Description
The O.MG Cable hides an ESP32-S2 or ESP32-S3 class controller inside a normal looking USB cable. When triggered over its Wi-Fi interface it enumerates as a USB HID keyboard and injects keystrokes into the host. The same platform ships in several form factors, including the O.MG Plug and the O.MG Keylogger Cable. The cable is configured and flashed through a separate O.MG Programmer board, which enumerates as a Silicon Labs CP2102 serial bridge.
Limitations
The covert HID identity is fully defined by the operator, so the cable has no fixed VID/PID to match on and signature detection by USB identifier is unreliable. The widely cited identifier 10C4:EA60 belongs to the O.MG Programmer board (a CP2102 serial bridge used for flashing), not to the cable while it is attacking a host.
Device Instance Path
unknown (operator-defined; the covert HID identity is set in firmware)
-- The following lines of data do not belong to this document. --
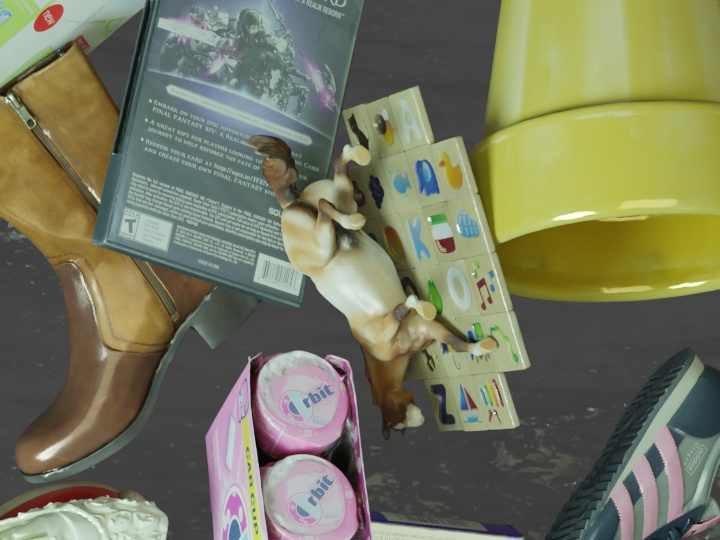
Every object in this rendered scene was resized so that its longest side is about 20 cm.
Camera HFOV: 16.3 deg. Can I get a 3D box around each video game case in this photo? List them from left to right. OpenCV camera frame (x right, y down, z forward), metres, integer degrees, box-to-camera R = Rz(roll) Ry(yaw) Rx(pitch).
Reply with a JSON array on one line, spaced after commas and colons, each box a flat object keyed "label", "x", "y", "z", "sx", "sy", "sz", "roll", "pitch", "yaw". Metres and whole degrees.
[{"label": "video game case", "x": -0.073, "y": -0.093, "z": 1.467, "sx": 0.142, "sy": 0.019, "sz": 0.201, "roll": 19, "pitch": 77, "yaw": -35}]

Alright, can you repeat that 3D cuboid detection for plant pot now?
[{"label": "plant pot", "x": 0.153, "y": -0.096, "z": 1.460, "sx": 0.199, "sy": 0.201, "sz": 0.190, "roll": -2, "pitch": 74, "yaw": -5}]

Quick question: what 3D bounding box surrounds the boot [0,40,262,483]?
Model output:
[{"label": "boot", "x": -0.175, "y": 0.000, "z": 1.447, "sx": 0.188, "sy": 0.068, "sz": 0.200, "roll": -42, "pitch": 116, "yaw": -5}]

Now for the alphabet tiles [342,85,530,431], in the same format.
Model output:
[{"label": "alphabet tiles", "x": 0.040, "y": -0.004, "z": 1.457, "sx": 0.006, "sy": 0.166, "sz": 0.201, "roll": -18, "pitch": 92, "yaw": -24}]

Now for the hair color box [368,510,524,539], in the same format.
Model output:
[{"label": "hair color box", "x": 0.030, "y": 0.249, "z": 1.507, "sx": 0.109, "sy": 0.065, "sz": 0.201, "roll": 6, "pitch": 91, "yaw": -6}]

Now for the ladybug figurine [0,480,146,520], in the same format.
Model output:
[{"label": "ladybug figurine", "x": -0.192, "y": 0.212, "z": 1.480, "sx": 0.135, "sy": 0.072, "sz": 0.200, "roll": 34, "pitch": 87, "yaw": -4}]

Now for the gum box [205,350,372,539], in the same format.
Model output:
[{"label": "gum box", "x": -0.039, "y": 0.154, "z": 1.436, "sx": 0.066, "sy": 0.114, "sz": 0.201, "roll": 1, "pitch": 64, "yaw": -17}]

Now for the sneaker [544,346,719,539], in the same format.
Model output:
[{"label": "sneaker", "x": 0.171, "y": 0.147, "z": 1.505, "sx": 0.082, "sy": 0.070, "sz": 0.200, "roll": 37, "pitch": 79, "yaw": -8}]

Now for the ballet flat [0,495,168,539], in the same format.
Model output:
[{"label": "ballet flat", "x": -0.205, "y": 0.171, "z": 1.413, "sx": 0.199, "sy": 0.072, "sz": 0.072, "roll": -13, "pitch": 92, "yaw": 0}]

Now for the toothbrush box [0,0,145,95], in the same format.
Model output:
[{"label": "toothbrush box", "x": -0.230, "y": -0.149, "z": 1.427, "sx": 0.200, "sy": 0.146, "sz": 0.086, "roll": -41, "pitch": 70, "yaw": -5}]

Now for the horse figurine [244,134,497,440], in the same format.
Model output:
[{"label": "horse figurine", "x": 0.000, "y": 0.000, "z": 1.447, "sx": 0.050, "sy": 0.132, "sz": 0.200, "roll": -38, "pitch": 96, "yaw": -23}]
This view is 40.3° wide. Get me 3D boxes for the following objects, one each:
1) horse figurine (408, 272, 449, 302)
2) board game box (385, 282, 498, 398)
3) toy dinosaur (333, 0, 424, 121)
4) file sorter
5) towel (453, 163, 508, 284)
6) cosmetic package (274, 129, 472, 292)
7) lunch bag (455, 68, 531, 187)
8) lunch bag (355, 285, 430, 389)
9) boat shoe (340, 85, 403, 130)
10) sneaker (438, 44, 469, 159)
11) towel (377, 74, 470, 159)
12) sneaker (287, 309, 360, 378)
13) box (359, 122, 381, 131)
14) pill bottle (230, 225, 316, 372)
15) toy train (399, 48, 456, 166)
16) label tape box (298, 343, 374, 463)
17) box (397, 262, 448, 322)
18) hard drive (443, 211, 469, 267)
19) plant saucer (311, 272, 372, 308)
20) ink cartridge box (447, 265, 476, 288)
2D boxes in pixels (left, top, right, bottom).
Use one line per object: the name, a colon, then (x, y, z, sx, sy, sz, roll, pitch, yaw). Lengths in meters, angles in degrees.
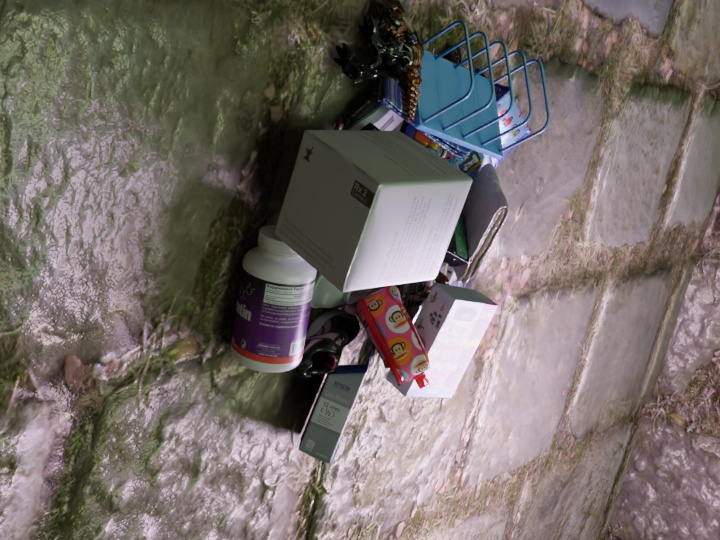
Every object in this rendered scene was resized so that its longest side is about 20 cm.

USB\VID_10C4&PID_EA60 (O.MG Programmer board, CP2102, flashing only)
VendorID
operator-defined (no fixed default)
10C4 (Silicon Labs, O.MG Programmer only)
ProductID
operator-defined (no fixed default)
EA60 (CP2102 on the O.MG Programmer only)
Class
HID (keyboard). Programmer board: CDC Serial.
Author
@enesilhaydin
Sigma Rules
Because the O.MG Cable lets the operator choose any VID and PID for its covert HID interface, there is no reliable signature to match while it is operating, so behavioral detection is needed: a new HID keyboard appearing on insert, scripted keystroke timing, or an unexpected Wi-Fi access point near the host. The appearance of the O.MG Programmer board (Silicon Labs CP2102, VID_10C4&PID_EA60) can indicate that an O.MG device is being flashed, but that controller is used by many legitimate devices, so it is a weak indicator on its own.